Dos cinco processos aos quais respondeu no Conselho de Ética por quebra
de decoro parlamentar no auge da crise – as denúncias envolviam lobby
em favor da Schincariol, cobrança de propina em ministérios controlados
pelo PMDB e espionagem de adversários políticos – o que considera ter
enfrentado com maior desgaste foi a revelação de sua relação
extraconjugal. Acreditava que estava passando por “duas guerras”, uma
política, na qual os senadores Arthur Virgílio (PSDB), Demóstenes Torres
(DEM) e Pedro Simon (PMDB) pediam sua cabeça em plenário, e outra mais
acirrada: em casa. Sua esposa Verônica e os três filhos, incluindo o
deputado Renan Filho (PMDB), lhe viraram as costas.
"Tenho muito respeito pelo Renan. Ele tem qualidades. Ajudou a
transformar o Collor em presidente da República, e isso apesar de o
Collor ter brigado com Renan antes. Mas, taticamente, para ele não é
interessante entrar nessa jogada de sucessão no Senado. Em 2007 ele
renunciou à presidência antes da votação da cassação dele e agora volta?
Não fica bem", diz o rival de outrora Pedro Simon.
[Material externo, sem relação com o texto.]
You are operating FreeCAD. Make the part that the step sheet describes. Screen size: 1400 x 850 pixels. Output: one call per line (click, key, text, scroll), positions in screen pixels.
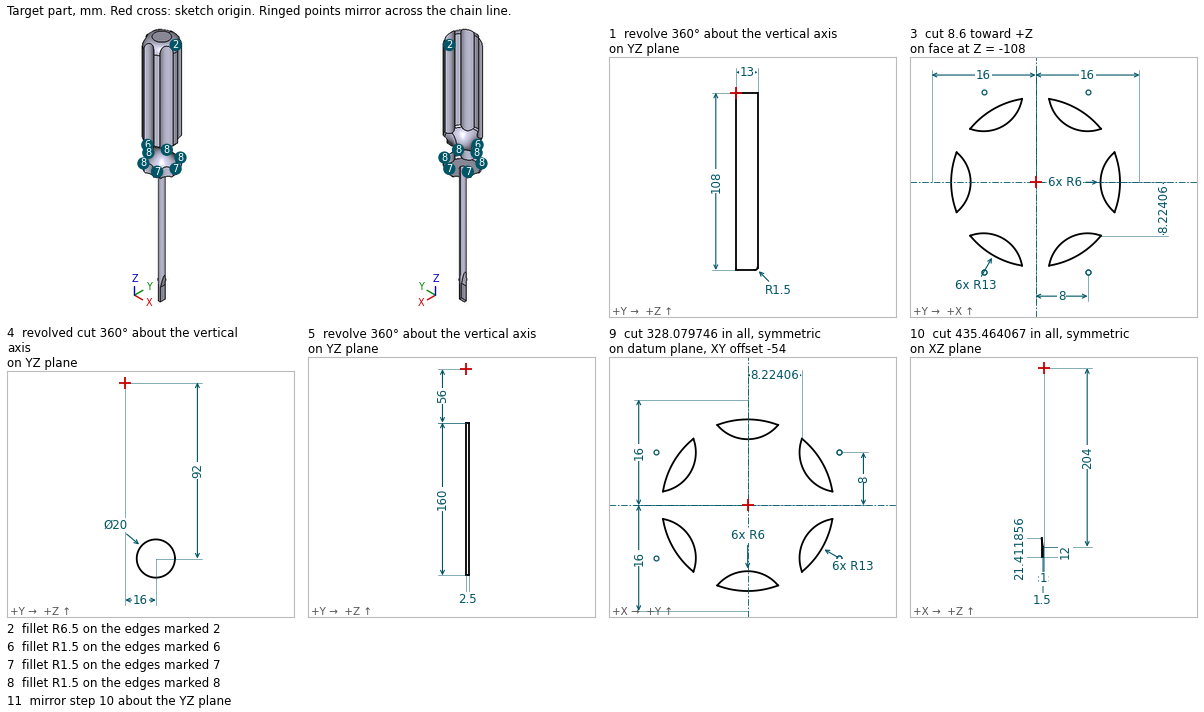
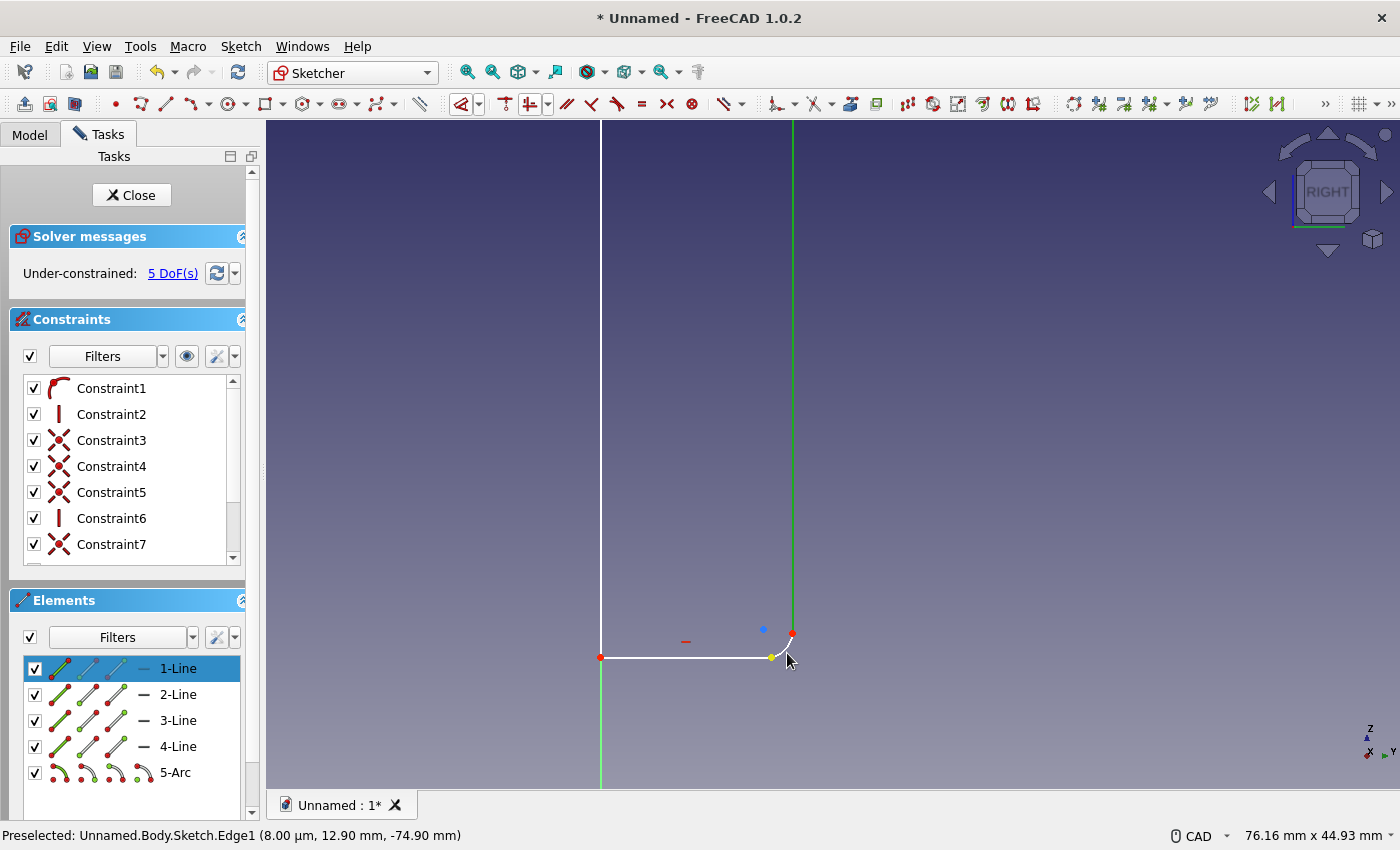
click(786, 649)

As relações dúbias de Renan com aliados e desafetos já envolveram, por
exemplo, uma sociedade oculta com João Lyra, que viria a romper com o
senador depois, para a compra de veículos de comunicação. Nas eleições
municipais de outubro deste ano, no entanto, Renan Calheiros não viu
problema em se aliar ao próprio Lyra para apoiar a candidatura do
pedetista Ronaldo Lessa à prefeitura de Maceió. Os tentáculos do
provável futuro presidente do Senado vão desde sua assinatura na ata de
fundação do PSDB, em junho de 1988, até as alianças oscilantes com o
senador Fernando Collor e com o atual governador de Alagoas, Teotônio
Vilela.
Na relação direta com o Palácio do Planalto, agora revitalizada depois
de o PMDB ter emitido sinais de que não aceitaria o nome do ministro de
Minas e Energia, Edison Lobão, como candidato à sucessão de Sarney,
Renan capitaneou rebeliões para barrar em março no Congresso a
recondução de Bernardo Figueiredo
ao cargo de diretor-geral da Agência Nacional de Transportes Terrestres
(ANTT). A grita do PMDB é histórica: sempre está insatisfeito com o
ritmo de liberação de emendas parlamentares, com a morosidade na
nomeação de apadrinhados, com a falta de autonomia dos ministros não
petistas.
Sem Lobão e agora com caminho livre para ser ungido presidente do
Senado, Renan Calheiros revelou a interlocutores ter a convicção de que
pode sair vitorioso facilmente. Acredita que já não tem de enfrentar as
três principais pedras nos seus sapatos dos idos de 2007: a força de
oratória do senador Pedro Simon e as línguas afiadas do ex-senador
tucano Arthur Virgílio, ex-amigo pessoal, e do senador Demóstenes
Torres, cassado após revelações de parceria espúria com Carlinhos
Cachoeira. Para o político alagoano,o passado não é capaz de impedir seu
retorno à presidência do Senado. Presidir o Senado, diz ele, é mesmo
“consequência das circunstâncias políticas”.